Hello Mrs. Petty,

I would like to personally thank you for your generosity, compassion and understanding in regards to considering and referring my family to be sponsored for this Christmas Season!  The gifts received were definitely needed and are extremely appreciated.

Honestly, it was a bit uncomfortable for me to divulge our needs and wants that I once was able to provide with ease on my own.   Although it is the holiday season and spirits are supposed to be full of joy, my dedication and obligations to my child, Army Veteran pride, feelings of isolation and managing so much on my own while being in a predicament that was not self- inflicted began to cause me sadness.

The reality of my limited income quickly reminded me of the unfair and unpleasant experiences that got us to this moment in life which now forces me to continue to stay strong, seek self-improvement and persevere.  Instead of allowing my feelings of sadness, defeat, anger and embarrassment (just to name a few) overwhelm me, I chose to dig deep down within myself and once again place those feelings to the side as I focus on a larger picture which is the reason that I have been able to keep going thus far.

My daughter’s happiness means more to me other than dallying in an emotional place that is not healthy for me. Contrary to belief, my apprehensions to ask for help were strongly weighed by my military pride and conditioning that “traditionally” black women just aren’t supposed to ask for “outside” (someone else to) help her care for her family’s needs. Doing so was a display of weakness, or a sign of inability to “hold it down.” Or better yet, unworthy of the vitality in regards to the definition of a real black woman considering our self-possessed strengths and proclamations of not needing anything except our faith.

Embarrassment haunted me just by the thought of anyone I know finding out that my needs are not completely being met through the help of prayer and my hard work alone.  Further, I imagined the judgment and assumptions of me as to how and why I am in this predicament in the first place. Defensive thoughts of who I may have to tell my story to prior to them asking a billion uncomfortable questions overcame me, but I prepared myself mentally so that I can keep a sense of control over my situation and emotions.

The now and again myth of all black women possessing invincible strength, are completely self-sufficient and not in need or should not expose our emotions i.e. softer sides, has conditioned most of us to shy away from just asking for help and support that may be available to us, myself included. Other times it’s simply lack of empathy, judgment or concern.

Although I would love to hold those titles of stability on a regular basis an inner pride radiates with the envisioned idea of that ongoing tenacity I do realize that for me, it’s just not a reality. I do get weak, I hurt and cry, I feel low and get afraid, but I also am able to nurture my inner strengths as I recognize when it’s time to admit that sometimes I just can’t do it all on my own. My life experiences and service time in the military has taught me that showing weakness on any scale is unacceptable.

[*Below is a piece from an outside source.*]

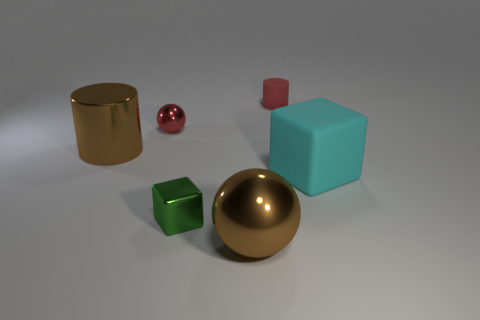Add 4 tiny cylinders. How many objects exist? 10 Subtract all balls. How many objects are left? 4 Subtract all cyan things. Subtract all rubber cylinders. How many objects are left? 4 Add 5 large shiny things. How many large shiny things are left? 7 Add 3 brown rubber spheres. How many brown rubber spheres exist? 3 Subtract 1 red spheres. How many objects are left? 5

Personally, my worry and embarrassment of who may find out that I am in need and fears also develop from the stereotypes that are easily attached to a woman such as myself asking for assistance.  Those stereotypes equate to a lower class, uneducated, lazy persons looking for handouts.  When in contrary I know that I am none of the above. I do realize that most female veterans and women of color who are in need are hardworking, dedicated women/mothers who continue to defeat the odds. We are victors, queens and examples of a feminine power who may have had at one time or another in our lives twice as much as we now struggle to hold on to in the current moment.

We are fighters who, despite the cynics and abusers in our paths, continue to move forward.  Knowing that, and experiencing your nonjudgmental approach, I thank you sincerely for extending your thoughtfulness and generosity.


T. Hill

T. Hill, a female Army vet, was one of the women sponsored by *Evangel Cathedral,  and the National Resource Society For Women Veterans, Inc. in December 2014. Unfortunately, her story is not an uncommon one. Many female vets experience shame, depression and even a sense of defeat when faced with the situation of not being able to provide for their family like they had been able to in the past. But as T. states, “We are fighters who, despite the cynics and abusers in our paths, continue to move forward.”

*NRSWV would like to thank Heather Jones of Evangel Cathedral or connecting it’s giving members to our organization.  “We appreciate, and acknowledge the LOVE!”